In the New York Times, Margaret Wertheim, author of Pythagoras’ Trousers, on math and physics in Western culture and its implications for women in the sciences.
Pythagoras introduced numbers into this mix and put them on the male side of the ledger. In the Pythagorean system, thinking about numbers, or doing mathematics, was an inherently masculine task. Mathematics was associated with the gods, and with transcendence from the material world; women, by their nature, were supposedly rooted in this latter, baser realm…
The Pythagorean association of mathematics with transcendence was easily imported into a Christian context, giving rise to the idea of the Judeo-Christian god as a mathematical creator. When Stephen Hawking links a theory of everything to the mind of god today, he is reiterating an essentially Pythagorean view. But this godly-mathematical connection also sat easily with the Catholic tradition of a male-only priesthood. Thus, from the start, women were excluded from this academic field and its associated sciences…

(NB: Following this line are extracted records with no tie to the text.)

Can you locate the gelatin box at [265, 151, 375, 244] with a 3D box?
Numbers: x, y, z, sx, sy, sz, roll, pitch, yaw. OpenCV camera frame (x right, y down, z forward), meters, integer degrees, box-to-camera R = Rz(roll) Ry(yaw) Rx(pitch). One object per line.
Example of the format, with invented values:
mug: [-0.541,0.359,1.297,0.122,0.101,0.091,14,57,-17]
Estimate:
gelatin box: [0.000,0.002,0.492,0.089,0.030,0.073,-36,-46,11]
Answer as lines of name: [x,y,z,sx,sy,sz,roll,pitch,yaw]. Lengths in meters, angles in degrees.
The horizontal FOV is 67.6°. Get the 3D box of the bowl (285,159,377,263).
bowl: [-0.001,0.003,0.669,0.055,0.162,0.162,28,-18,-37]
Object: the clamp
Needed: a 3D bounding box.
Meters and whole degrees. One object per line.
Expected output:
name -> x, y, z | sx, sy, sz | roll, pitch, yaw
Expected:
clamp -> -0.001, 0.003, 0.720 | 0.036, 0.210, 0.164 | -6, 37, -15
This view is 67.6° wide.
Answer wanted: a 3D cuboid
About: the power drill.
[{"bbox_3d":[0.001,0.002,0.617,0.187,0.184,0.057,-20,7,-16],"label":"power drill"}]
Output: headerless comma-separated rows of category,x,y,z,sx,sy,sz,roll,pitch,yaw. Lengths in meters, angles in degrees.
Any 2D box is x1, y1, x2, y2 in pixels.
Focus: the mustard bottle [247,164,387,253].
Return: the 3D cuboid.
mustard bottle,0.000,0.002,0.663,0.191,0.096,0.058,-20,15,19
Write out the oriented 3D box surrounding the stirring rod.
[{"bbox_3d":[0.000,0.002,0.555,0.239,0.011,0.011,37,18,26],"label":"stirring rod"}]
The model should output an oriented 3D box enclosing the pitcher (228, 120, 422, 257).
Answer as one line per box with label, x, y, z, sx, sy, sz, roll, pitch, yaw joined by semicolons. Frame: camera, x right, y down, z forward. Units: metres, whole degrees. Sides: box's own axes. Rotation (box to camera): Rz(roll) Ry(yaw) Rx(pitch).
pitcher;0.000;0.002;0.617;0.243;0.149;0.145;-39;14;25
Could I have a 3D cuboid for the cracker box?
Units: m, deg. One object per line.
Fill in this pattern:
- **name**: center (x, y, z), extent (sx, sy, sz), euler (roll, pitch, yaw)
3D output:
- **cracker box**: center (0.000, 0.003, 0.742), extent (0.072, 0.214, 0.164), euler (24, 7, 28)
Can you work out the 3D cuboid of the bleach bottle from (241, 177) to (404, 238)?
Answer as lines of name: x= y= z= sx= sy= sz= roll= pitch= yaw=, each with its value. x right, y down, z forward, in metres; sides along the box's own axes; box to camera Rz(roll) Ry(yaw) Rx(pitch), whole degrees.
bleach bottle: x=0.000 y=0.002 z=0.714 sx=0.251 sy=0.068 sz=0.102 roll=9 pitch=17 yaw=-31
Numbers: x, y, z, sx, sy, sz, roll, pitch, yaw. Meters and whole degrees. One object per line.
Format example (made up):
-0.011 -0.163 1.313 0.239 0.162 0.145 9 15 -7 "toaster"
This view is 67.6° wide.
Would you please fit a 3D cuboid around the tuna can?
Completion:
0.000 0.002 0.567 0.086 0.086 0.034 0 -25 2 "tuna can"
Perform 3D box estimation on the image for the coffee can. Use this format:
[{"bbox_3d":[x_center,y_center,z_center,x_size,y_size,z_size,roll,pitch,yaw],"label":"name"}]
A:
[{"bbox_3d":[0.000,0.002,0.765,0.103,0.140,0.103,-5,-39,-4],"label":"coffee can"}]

Many women who have gone into science since the 1970’s continue to be stunned at how slow change has been. Gail G. Hanson, distinguished professor of physics at the University of California, Riverside, and the only woman to have won the W. K. H. Panofsky Prize in experimental particle physics, said by phone: “At this point there seems to be an acceptance of women in science at relatively junior levels. But once we get to more senior levels, a kind of antagonism sets in.”
As a postdoctoral fellow at the Stanford Linear Accelerator Center, Dr. Hanson discovered quark jets, the work for which she would later be awarded the Panofsky Prize. Yet throughout her research career, she said, she has continued to be treated like a junior colleague, not like a leading researcher.